В «Досках судьбы» можно найти множество образов, в которых Хлебникову представали занимавшие его числа и числовые соотношения, для него воплощавшие законы истории. Предположенное им различие между уравнениями пространства, где «показатель степени не может быть больше 3», и уравнениями времени, где «подстеленное количество не может быть больше 3», он описывает зрительными образами: «Похожие на дерево уравнения времени, простые как ствол в основании, и гибкие и живущие сложной жизнью ветвями своих степеней, где сосредоточен мозг и живая душа уравнений, казались перевернутыми уравнениями пространства, где громадное число основания увенчано или единицей, двойкой, или тройкой, но не далее. Это два обратных движения в одном протяжении счета, решил я. Я видел их зрительно: горы, громадные глыбы основания, на которых присела отдыхать птица степени, птица сознания для пространства. И точно тонкие стволы деревьев, ветки с цветами и живыми птицами, порхающими по ним, казалось время».

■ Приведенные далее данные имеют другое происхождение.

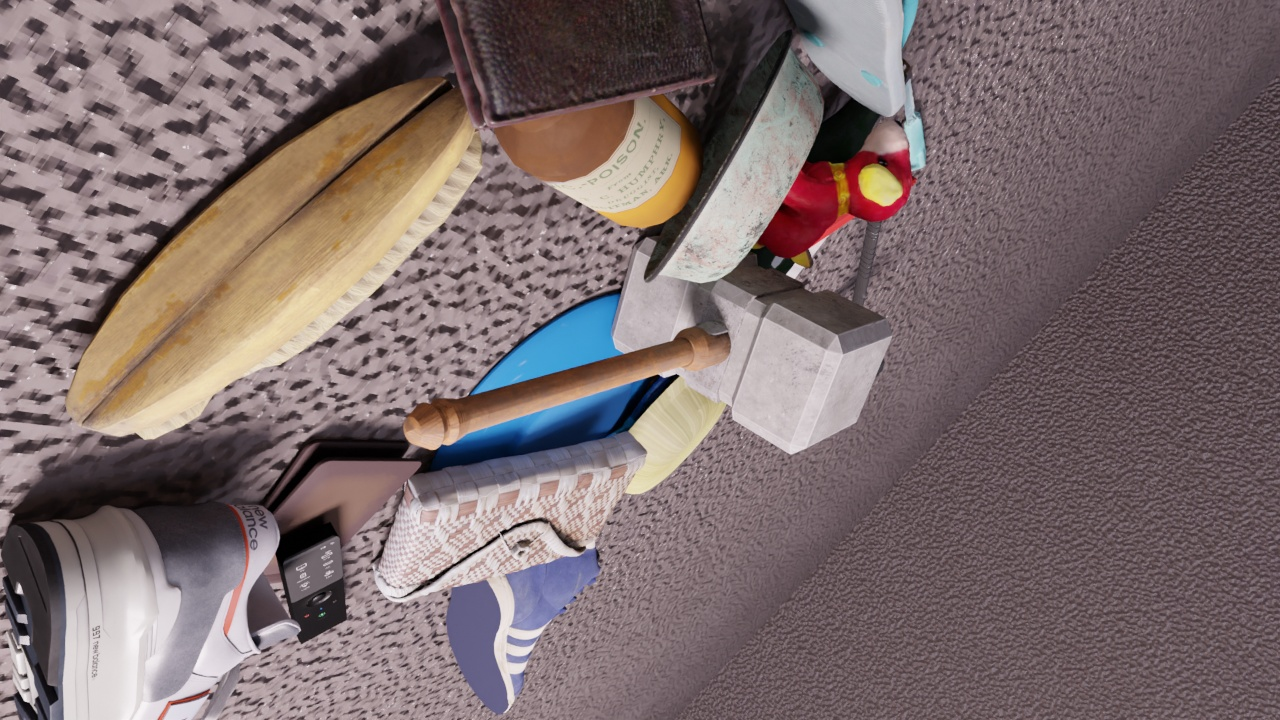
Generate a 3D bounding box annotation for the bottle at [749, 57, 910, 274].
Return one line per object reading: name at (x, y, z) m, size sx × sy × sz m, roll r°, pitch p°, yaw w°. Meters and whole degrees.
bottle at (0.133, -0.144, 0.666) m, size 0.174 × 0.055 × 0.055 m, roll -54°, pitch 156°, yaw 14°

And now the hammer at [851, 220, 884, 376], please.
hammer at (0.194, -0.087, 0.812) m, size 0.015 × 0.095 × 0.325 m, roll -40°, pitch 156°, yaw -13°

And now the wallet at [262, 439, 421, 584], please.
wallet at (-0.194, 0.094, 0.551) m, size 0.116 × 0.018 × 0.091 m, roll -48°, pitch 158°, yaw 14°

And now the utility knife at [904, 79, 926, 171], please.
utility knife at (0.238, -0.201, 0.796) m, size 0.022 × 0.015 × 0.166 m, roll -49°, pitch 159°, yaw 5°

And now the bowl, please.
bowl at (0.057, -0.104, 0.517) m, size 0.157 × 0.038 × 0.157 m, roll -60°, pitch -173°, yaw 12°

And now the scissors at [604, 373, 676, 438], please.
scissors at (-0.011, 0.057, 0.767) m, size 0.140 × 0.011 × 0.134 m, roll -51°, pitch 170°, yaw 10°

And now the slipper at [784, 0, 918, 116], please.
slipper at (0.114, -0.199, 0.486) m, size 0.055 × 0.098 × 0.268 m, roll -49°, pitch 158°, yaw 10°

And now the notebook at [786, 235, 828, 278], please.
notebook at (0.115, -0.091, 0.778) m, size 0.210 × 0.009 × 0.142 m, roll -53°, pitch 157°, yaw 17°

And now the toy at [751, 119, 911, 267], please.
toy at (0.112, -0.111, 0.614) m, size 0.137 × 0.067 × 0.106 m, roll -5°, pitch 124°, yaw 0°

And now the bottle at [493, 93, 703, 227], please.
bottle at (-0.028, -0.112, 0.424) m, size 0.068 × 0.068 × 0.156 m, roll -51°, pitch 157°, yaw 11°

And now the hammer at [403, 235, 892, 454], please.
hammer at (-0.003, 0.003, 0.520) m, size 0.316 × 0.163 × 0.083 m, roll -16°, pitch 130°, yaw -50°

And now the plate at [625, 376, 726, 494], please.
plate at (0.030, 0.066, 0.811) m, size 0.184 × 0.036 × 0.184 m, roll -45°, pitch 168°, yaw -13°

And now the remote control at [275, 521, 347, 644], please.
remote control at (-0.208, 0.146, 0.588) m, size 0.034 × 0.013 × 0.150 m, roll -25°, pitch 156°, yaw -29°

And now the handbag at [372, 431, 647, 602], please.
handbag at (-0.090, 0.115, 0.661) m, size 0.185 × 0.047 × 0.124 m, roll -8°, pitch 141°, yaw -35°

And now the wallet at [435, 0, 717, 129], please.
wallet at (-0.027, -0.147, 0.352) m, size 0.119 × 0.031 × 0.099 m, roll -26°, pitch 105°, yaw -37°

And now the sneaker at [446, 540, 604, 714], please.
sneaker at (-0.100, 0.211, 0.819) m, size 0.118 × 0.091 × 0.234 m, roll -33°, pitch 146°, yaw -34°

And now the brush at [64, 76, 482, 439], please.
brush at (-0.141, -0.039, 0.365) m, size 0.195 × 0.059 × 0.043 m, roll -42°, pitch 166°, yaw -4°

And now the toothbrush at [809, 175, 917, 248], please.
toothbrush at (0.175, -0.117, 0.802) m, size 0.212 × 0.018 × 0.012 m, roll -35°, pitch 155°, yaw -27°

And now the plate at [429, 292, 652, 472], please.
plate at (-0.058, 0.045, 0.687) m, size 0.224 × 0.024 × 0.225 m, roll -37°, pitch 156°, yaw -20°

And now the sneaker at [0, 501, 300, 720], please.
sneaker at (-0.243, 0.158, 0.476) m, size 0.124 × 0.089 × 0.240 m, roll -18°, pitch 142°, yaw -42°
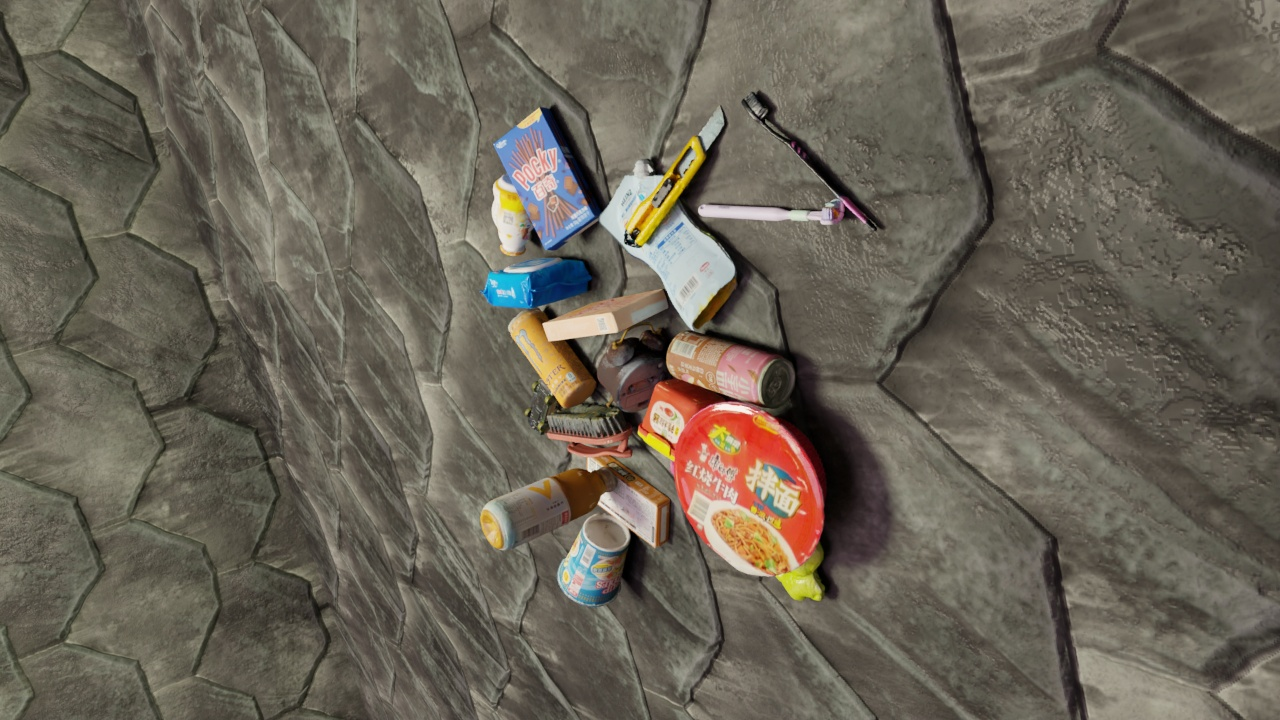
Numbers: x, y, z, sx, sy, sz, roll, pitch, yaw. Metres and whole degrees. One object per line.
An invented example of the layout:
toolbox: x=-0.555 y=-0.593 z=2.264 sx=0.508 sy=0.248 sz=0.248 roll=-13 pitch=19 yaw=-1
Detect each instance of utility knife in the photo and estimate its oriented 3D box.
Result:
utility knife: x=0.033 y=-0.190 z=0.975 sx=0.033 sy=0.015 sz=0.193 roll=52 pitch=128 yaw=18

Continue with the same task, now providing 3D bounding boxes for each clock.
clock: x=-0.007 y=0.007 z=1.113 sx=0.055 sy=0.081 sz=0.122 roll=46 pitch=142 yaw=38

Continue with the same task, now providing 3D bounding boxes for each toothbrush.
toothbrush: x=0.122 y=-0.148 z=0.912 sx=0.189 sy=0.029 sz=0.021 roll=12 pitch=155 yaw=51
toothbrush: x=0.157 y=-0.187 z=0.851 sx=0.189 sy=0.014 sz=0.018 roll=51 pitch=130 yaw=21

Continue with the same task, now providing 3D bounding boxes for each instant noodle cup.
instant noodle cup: x=-0.063 y=0.285 z=1.334 sx=0.099 sy=0.099 sz=0.110 roll=44 pitch=132 yaw=30
instant noodle cup: x=0.128 y=0.130 z=0.987 sx=0.194 sy=0.065 sz=0.194 roll=15 pitch=113 yaw=38

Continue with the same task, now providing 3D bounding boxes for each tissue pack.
tissue pack: x=-0.142 y=-0.105 z=1.220 sx=0.157 sy=0.094 sz=0.052 roll=7 pitch=113 yaw=53

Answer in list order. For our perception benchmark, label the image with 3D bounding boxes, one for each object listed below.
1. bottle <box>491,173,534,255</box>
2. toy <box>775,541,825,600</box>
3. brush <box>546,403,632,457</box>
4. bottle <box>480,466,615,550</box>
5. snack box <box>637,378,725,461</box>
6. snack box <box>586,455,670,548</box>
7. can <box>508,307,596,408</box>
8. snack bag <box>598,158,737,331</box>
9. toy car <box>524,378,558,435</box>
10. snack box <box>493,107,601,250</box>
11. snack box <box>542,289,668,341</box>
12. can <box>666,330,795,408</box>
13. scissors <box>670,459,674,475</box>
bottle: x=-0.167 y=-0.194 z=1.229 sx=0.063 sy=0.063 sz=0.109 roll=40 pitch=137 yaw=33
toy: x=0.176 y=0.225 z=1.034 sx=0.097 sy=0.031 sz=0.100 roll=-25 pitch=88 yaw=57
brush: x=-0.062 y=0.099 z=1.255 sx=0.146 sy=0.063 sz=0.069 roll=1 pitch=113 yaw=51
bottle: x=-0.118 y=0.189 z=1.216 sx=0.068 sy=0.189 sz=0.068 roll=28 pitch=128 yaw=44
snack box: x=0.054 y=0.069 z=1.075 sx=0.091 sy=0.081 sz=0.080 roll=30 pitch=117 yaw=40
snack box: x=-0.020 y=0.190 z=1.277 sx=0.154 sy=0.026 sz=0.075 roll=31 pitch=130 yaw=40
can: x=-0.123 y=-0.004 z=1.279 sx=0.146 sy=0.058 sz=0.058 roll=52 pitch=142 yaw=21
snack bag: x=0.029 y=-0.132 z=1.027 sx=0.191 sy=0.038 sz=0.111 roll=54 pitch=142 yaw=20
toy car: x=-0.143 y=0.066 z=1.365 sx=0.042 sy=0.035 sz=0.091 roll=41 pitch=131 yaw=31
snack box: x=-0.116 y=-0.227 z=1.149 sx=0.085 sy=0.026 sz=0.157 roll=-30 pitch=84 yaw=29
snack box: x=-0.045 y=-0.054 z=1.127 sx=0.158 sy=0.084 sz=0.026 roll=-4 pitch=108 yaw=53
can: x=0.095 y=0.008 z=0.999 sx=0.147 sy=0.057 sz=0.058 roll=19 pitch=123 yaw=47
scissors: x=0.079 y=0.127 z=1.126 sx=0.138 sy=0.017 sz=0.077 roll=-41 pitch=68 yaw=49

Пытаясь осмыслить в духе своих числовых выкладок законы небесной механики, Хлебников писал: «Это уравнение очень красиво, если его написать цепями нисходящих степеней троек. Закономерно уходящие показатели своими головками кивают на ковыль, как верхушки трав и волнуются ржаными полями чисел, какой-то рожью троек. Напишем цепями троек наш закон, чтобы получить зрительную радость при виде этих бесконечных цепей, стройных колосьев чисел». Хотя отчасти такие метафорические описания уравнений и представляют собой дань стилистике научной прозы позднего Хлебникова, нельзя сомневаться, что эстетическое зрительное переживание чисел и уравнений было у него непосредственным.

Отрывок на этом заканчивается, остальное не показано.